Tuesday, November 30, 2010

i fear my growing ambition.
i fear this.. burning desire for a status, a recognised position and name. i'm intimidated by society's expectations. i fear the influence, the aggravating nudge behind my back that's pushing me somewhere, but i wonder if getting there will make me forget who i am. i'm forced to make a choice between what i really want, and what would make me appear impressive in this competitive community, and the problem is, i'm not sure which is which. part of me may be following the crowd, because it'd rather die than be left behind. but another part of me asks why none of this feels right yet. why there's no lightbulb that lights up and tells me - this is it! this is what you like apple! why there's no passion. there is interest, but what if it was formed methodologically? i want to be given more time, and more choices. i don't want to have to wake up in the morning and think, i have to do well, simply because i have to. there is something wrong with all of this, but i don't have the time or the energy to stop to correct it, or to find another option. every day is just spent on catching up, holding on, running after. every day is blending into the next. in these three months i have done more than i've ever in my 19 years, but here, what i've done is far from enough.

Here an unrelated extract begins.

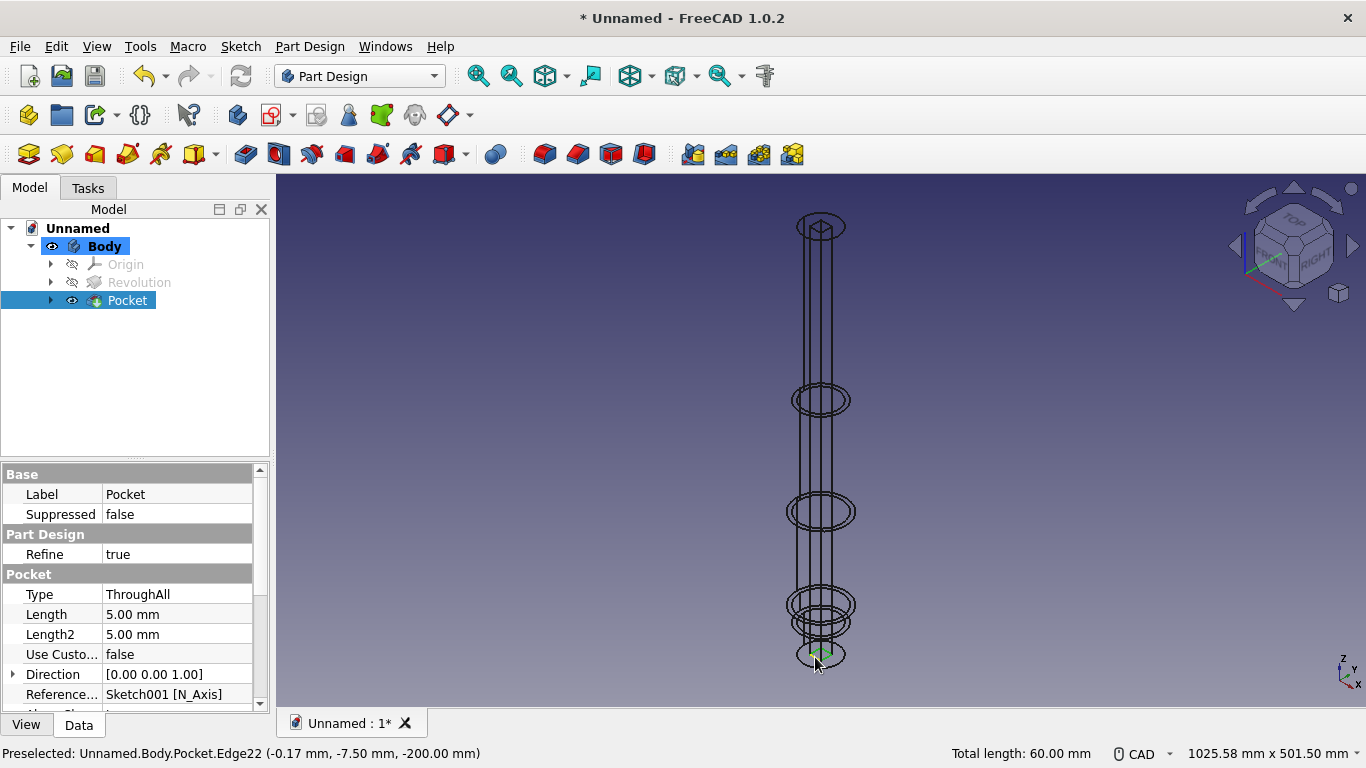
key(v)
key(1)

15 days. i'm doing what i can, but i know i can do a lot better. i want so, so badly to do better. so what is holding me back? what's hindering me from excelling? why, do i let myself be average when i know that working harder could bring better results? no i'm not okay with settling with average. i'm not okay with giving up now. i put myself to a challenge, and i am my biggest enemy. there is something wrong with me, something missing. something misplaced, or misused. now's the time to identify and correct it.